As I’ve blogged previously, my responsibilities at work have shifted to focus more on the application of Site Reliability Engineering principles to the delivery of our business services to our customers. Unofficially, we’re calling my team Service Reliability Engineering for a few reasons. I thought I’d take some time to explain what the differences are, and why I think the name matters. I realize I’m just one lonely guy in the wilderness, and I’m going up against Google, but I think one word in the title is wrong. Before I explain why, let me explain what I do like about the title.
Engineering defines consistency of methods.
I realize that engineering is an interesting terms these days, with lots of different definitions; you can even be sued if you call yourself an engineer inappropriately in the wrong jurisdiction. However, the term itself is widely used in technology careers to describe the systematic design and operation of complex systems. Most modern applications are actually comprised of several smaller applications, all in varying states of underlying complexity. Furthermore, the delivery of an application to an end user (particularly web applications) can span the entire spectrum from infrastructure to platform to software. Additionally, applications can vary in terms of scalability, configuration, and location. Engineering addresses complexity, not just complication through systematic processes; engineers experiment, learn, and integrate consistent practices into their daily processes.
Reliability refers to purpose.
When your job title identifies reliability as a name, it means that you have a specific goal in mind, and that goal is not limited to a technology. Reliability engineers work with networking equipment, operating systems, applications, middleware, and/or database systems. They may specialize in a area (e.g., database reliability engineering is now a thing), but a robust team is comprised of necessary skill sets required to meet service level objectives across the entire technology stack. Reliability as a goal must first be defined, and then measured, and SRE responsibilities are responsible for measuring and addressing reliability across the entire spectrum, from infrastructure to platform to software.
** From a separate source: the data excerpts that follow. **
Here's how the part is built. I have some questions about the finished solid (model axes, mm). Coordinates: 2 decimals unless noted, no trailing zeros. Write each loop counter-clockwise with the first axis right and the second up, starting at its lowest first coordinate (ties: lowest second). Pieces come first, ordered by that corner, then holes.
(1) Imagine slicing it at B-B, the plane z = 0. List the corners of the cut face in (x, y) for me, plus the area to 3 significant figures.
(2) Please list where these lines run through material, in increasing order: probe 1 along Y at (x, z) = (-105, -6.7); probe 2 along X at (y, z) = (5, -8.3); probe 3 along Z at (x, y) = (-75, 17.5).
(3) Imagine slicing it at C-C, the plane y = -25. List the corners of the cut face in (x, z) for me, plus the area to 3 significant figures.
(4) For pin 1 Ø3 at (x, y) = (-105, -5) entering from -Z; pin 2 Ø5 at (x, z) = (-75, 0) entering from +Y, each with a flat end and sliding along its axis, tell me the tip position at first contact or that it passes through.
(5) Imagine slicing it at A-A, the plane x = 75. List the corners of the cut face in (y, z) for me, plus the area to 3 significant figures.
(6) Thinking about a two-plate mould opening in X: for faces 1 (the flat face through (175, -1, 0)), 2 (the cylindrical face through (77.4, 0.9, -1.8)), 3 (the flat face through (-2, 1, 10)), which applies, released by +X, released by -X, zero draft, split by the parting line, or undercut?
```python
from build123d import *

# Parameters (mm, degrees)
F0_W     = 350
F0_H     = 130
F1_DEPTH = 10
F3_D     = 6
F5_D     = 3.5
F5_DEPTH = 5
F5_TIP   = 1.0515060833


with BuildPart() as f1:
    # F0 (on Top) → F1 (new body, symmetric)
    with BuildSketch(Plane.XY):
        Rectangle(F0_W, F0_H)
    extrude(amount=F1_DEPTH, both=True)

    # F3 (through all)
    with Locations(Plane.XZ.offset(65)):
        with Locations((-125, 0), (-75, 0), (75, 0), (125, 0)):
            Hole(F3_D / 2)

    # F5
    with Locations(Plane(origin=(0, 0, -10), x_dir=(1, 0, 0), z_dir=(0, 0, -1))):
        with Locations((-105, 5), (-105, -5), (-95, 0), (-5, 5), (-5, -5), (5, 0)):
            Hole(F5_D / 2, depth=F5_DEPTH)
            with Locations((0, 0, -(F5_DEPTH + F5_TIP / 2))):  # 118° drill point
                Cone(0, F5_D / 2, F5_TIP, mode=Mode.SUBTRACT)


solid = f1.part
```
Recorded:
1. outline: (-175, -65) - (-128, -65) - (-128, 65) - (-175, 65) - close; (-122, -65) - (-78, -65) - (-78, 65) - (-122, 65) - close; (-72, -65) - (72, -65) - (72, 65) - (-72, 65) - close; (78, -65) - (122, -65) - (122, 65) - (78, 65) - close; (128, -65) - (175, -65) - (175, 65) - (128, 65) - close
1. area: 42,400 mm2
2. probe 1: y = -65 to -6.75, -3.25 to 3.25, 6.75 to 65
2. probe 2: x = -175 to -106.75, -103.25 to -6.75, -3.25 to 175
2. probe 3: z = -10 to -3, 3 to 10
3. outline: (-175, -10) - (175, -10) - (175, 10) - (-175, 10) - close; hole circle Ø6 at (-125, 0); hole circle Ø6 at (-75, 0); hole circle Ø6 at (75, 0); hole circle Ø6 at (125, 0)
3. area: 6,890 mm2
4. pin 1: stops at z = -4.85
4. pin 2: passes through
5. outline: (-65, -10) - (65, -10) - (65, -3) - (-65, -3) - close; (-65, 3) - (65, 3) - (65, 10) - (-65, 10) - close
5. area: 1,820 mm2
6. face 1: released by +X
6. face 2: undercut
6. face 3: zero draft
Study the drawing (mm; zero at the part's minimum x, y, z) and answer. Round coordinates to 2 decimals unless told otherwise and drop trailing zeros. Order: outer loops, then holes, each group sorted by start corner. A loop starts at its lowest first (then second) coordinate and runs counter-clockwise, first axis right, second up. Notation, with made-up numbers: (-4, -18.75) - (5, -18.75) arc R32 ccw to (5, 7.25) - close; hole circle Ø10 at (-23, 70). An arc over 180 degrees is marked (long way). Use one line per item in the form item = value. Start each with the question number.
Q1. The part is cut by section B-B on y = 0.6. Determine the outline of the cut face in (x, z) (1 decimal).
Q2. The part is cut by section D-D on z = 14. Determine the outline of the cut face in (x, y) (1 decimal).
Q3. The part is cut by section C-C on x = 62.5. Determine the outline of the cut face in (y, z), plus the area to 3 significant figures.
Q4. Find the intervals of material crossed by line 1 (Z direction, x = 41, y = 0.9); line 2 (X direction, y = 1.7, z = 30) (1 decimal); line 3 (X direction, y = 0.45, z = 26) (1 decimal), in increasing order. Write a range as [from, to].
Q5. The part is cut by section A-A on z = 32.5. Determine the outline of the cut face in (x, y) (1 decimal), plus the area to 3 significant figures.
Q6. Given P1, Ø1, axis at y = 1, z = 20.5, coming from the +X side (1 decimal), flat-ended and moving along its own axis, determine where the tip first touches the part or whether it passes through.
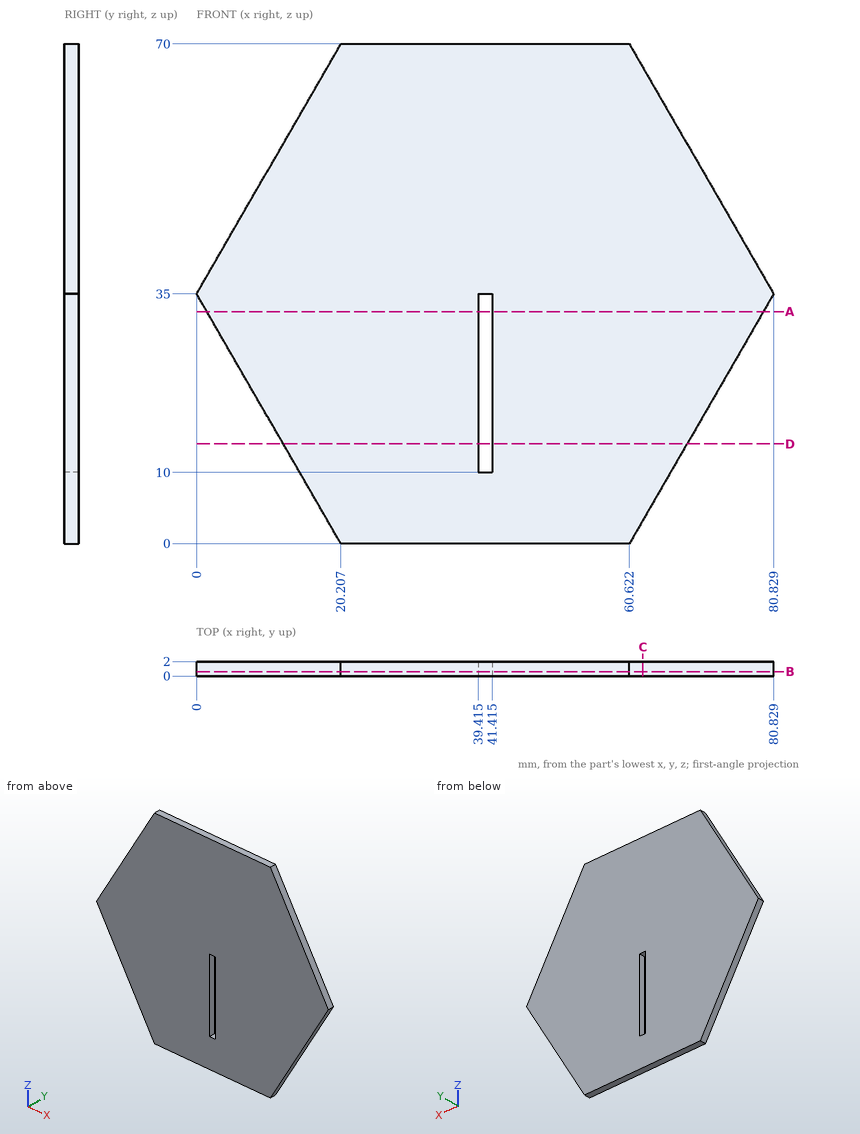
Found:
q1.outline = (0, 35) - (20.2, 0) - (60.6, 0) - (80.8, 35) - (60.6, 70) - (20.2, 70) - close; hole (39.4, 10) - (41.4, 10) - (41.4, 35) - (39.4, 35) - close
q2.outline = (12.1, 0) - (39.4, 0) - (39.4, 2) - (12.1, 2) - close; (41.4, 0) - (68.7, 0) - (68.7, 2) - (41.4, 2) - close
q3.outline = (0, 3.25) - (2, 3.25) - (2, 66.75) - (0, 66.75) - close
q3.area = 127 mm²
q4.line_1 = [0, 10], [35, 70]
q4.line_2 = [2.9, 39.4], [41.4, 77.9]
q4.line_3 = [5.2, 39.4], [41.4, 75.6]
q5.outline = (1.4, 0) - (39.4, 0) - (39.4, 2) - (1.4, 2) - close; (41.4, 0) - (79.4, 0) - (79.4, 2) - (41.4, 2) - close
q5.area = 152 mm²
q6.P1 = 72.7
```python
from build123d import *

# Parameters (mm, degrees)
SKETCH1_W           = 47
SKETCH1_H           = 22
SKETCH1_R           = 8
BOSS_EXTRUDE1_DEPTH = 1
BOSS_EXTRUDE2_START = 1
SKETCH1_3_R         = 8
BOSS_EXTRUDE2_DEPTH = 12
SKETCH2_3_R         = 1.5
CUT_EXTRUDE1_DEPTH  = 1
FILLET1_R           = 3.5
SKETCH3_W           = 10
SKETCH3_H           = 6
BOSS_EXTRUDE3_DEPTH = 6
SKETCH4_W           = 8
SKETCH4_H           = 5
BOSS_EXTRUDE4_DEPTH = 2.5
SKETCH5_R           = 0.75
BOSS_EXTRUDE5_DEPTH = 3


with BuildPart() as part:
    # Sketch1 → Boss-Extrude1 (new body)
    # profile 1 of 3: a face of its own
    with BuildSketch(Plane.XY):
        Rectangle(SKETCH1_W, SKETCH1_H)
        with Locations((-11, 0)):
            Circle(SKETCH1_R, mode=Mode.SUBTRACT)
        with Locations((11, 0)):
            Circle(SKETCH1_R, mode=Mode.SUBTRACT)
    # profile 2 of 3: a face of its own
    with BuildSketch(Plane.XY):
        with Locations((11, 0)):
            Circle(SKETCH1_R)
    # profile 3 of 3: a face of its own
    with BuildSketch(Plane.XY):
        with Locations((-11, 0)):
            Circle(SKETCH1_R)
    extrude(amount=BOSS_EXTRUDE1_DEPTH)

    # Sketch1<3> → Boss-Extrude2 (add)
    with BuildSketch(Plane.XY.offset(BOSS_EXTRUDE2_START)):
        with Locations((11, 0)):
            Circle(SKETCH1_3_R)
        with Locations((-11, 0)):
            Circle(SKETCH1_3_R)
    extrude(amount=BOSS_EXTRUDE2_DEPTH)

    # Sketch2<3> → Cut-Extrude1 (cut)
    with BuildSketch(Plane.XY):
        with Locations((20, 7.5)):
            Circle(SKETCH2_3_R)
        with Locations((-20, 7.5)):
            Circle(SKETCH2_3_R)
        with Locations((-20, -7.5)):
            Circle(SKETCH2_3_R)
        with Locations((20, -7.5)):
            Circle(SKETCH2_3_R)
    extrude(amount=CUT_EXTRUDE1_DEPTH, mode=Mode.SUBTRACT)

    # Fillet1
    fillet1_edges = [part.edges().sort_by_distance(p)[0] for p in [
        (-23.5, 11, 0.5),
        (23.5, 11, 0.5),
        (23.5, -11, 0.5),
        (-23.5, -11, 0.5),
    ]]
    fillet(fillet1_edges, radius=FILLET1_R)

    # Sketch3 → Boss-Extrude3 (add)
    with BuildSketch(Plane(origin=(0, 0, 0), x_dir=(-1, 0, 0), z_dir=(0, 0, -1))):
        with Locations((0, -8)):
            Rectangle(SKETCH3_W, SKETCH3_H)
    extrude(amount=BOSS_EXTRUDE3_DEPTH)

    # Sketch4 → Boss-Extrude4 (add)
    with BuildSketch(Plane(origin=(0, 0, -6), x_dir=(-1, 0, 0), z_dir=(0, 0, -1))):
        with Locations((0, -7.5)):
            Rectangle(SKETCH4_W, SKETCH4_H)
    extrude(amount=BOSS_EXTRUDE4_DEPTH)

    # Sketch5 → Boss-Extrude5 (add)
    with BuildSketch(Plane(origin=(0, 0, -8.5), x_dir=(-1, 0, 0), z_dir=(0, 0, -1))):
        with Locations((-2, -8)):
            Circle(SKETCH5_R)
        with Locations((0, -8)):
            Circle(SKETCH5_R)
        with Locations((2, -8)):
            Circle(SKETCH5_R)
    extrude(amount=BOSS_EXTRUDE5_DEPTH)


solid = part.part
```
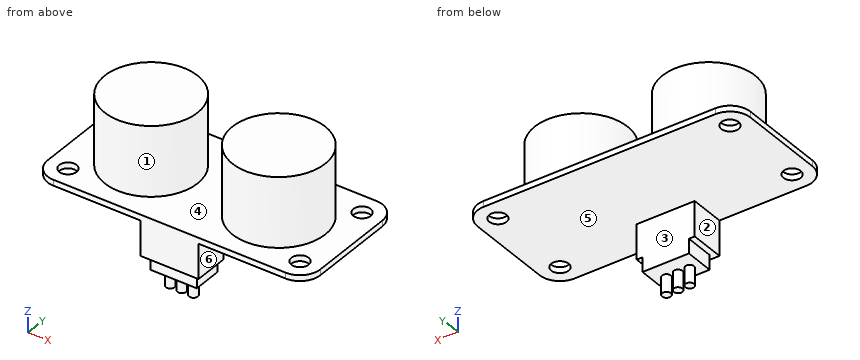
Check sheet for the modelled part. Datum: model origin and axes. Units: mm. Face numbers are marked on the shaded views. A direction names the side the tool comes from. Coordinates: 2 decimals unless noted, no trailing zeros. Loops run counter-clockwise (first coordinate to the right, second up) from the corner with the lowest first, then second, coordinate; pieces in that order, holes last.
1) Gauge pin test, flat ends, axial feed: pin 1 (5 mm diameter, centred on x = -20, y = 7.5, fed in from +Z); pin 2 (1.2 mm diameter, centred on y = -7.5, z = -8, fed in from -X); pin 3 (5 mm diameter, centred on x = -5.5, y = 3, fed in from -Z). Record the tip position at first contact, or that the pin passes through.
2) Sectioned sample at C-C (y = -4.25). Record the boundary of the cut face in (x, z), and give its area (3 significant figures).
3) Material ranges on probe 1 along Y at (x, z) = (-20, 0.5); probe 2 along Z at (x, y) = (11.5, 3.25); probe 3 along Z at (x, y) = (-2, 1), recorded low to high.
4) Sectioned sample at B-B (x = 11). Record the boundary of the cut face in (y, z), and give its area (3 significant figures).
5) Sectioned sample at A-A (z = 6.5). Record the boundary of the cut face in (x, y).
6) Release check for a two-part mould opening along X. For the marked faces 4, 5 and 6 record: released by +X, released by -X, zero draft, split by the parting line, or undercut.
7) Sectioned sample at D-D (z = -0.5). Record the boundary of the cut face in (x, y).
8) Access from +Z, -Z, +X, -X, +Y, -Y to the whole of each face (thin tool, end or side, straight path). Record for the marked faces 1, 2 and 3.
Check sheet entries:
1. pin 1: stops at z = 1
1. pin 2: stops at x = -4
1. pin 3: stops at z = 0
2. outline: (-23.5, 0) - (23.5, 0) - (23.5, 1) - (17.78, 1) - (17.78, 13) - (4.22, 13) - (4.22, 1) - (-4.22, 1) - (-4.22, 13) - (-17.78, 13) - (-17.78, 1) - (-23.5, 1) - close
2. area: 372 mm2
3. probe 1: y = -11 to -9, -6 to 6, 9 to 11
3. probe 2: z = 0 to 13
3. probe 3: z = 0 to 1
4. outline: (-11, 0) - (11, 0) - (11, 1) - (8, 1) - (8, 13) - (-8, 13) - (-8, 1) - (-11, 1) - close
4. area: 214 mm2
5. outline: circle Ø16 at (-11, 0); circle Ø16 at (11, 0)
6. face 4: undercut
6. face 5: zero draft
6. face 6: released by +X
7. outline: (-5, -11) - (5, -11) - (5, -5) - (-5, -5) - close
8. face 1: +Z
8. face 2: -Z, -X, +Y, -Y
8. face 3: -Z, +X, -X, +Y

However, reliability measurement must also account for not only technological issues, but also the processes and people responsible for developing and operating the system. There’s a reason that a just culture is an integral part of the SRE experience (and the DevOps movement at large); people are responsible for how well technology performs, both in terms of defining expectations and day-to-day delivery of service. It only makes sense to look beyond technology when examining reliability, and that leads to where I disagree with the standard SRE nomenclature.
“Site” implies a technical focus; “Service” implies a business function.
The word “Site” in the IT domain typically refers to either a physical location (data center site) or an application (web site); however, the heart of the definition is sociotechnical, not strictly technology. From an undated (seriously, Google?) interview with Ben Traynor, the founder of the SRE movement: “… we have a bunch of rules of engagement, and principles for how SRE teams interact with their environment — not only the production environment, but also the development teams, the testing teams, the users, and so on.” While the previous paragraph of that interview specifically focuses on the type of work that’s being done by Google’s SRE team, these rules of engagement show that SRE’s should be concerned with the entire value stream of service delivery including not only operations, but development, testing, and ultimately the end user experience. In, other words. SRE’s are concerned with the reliability of the whole service, not just the technical parts.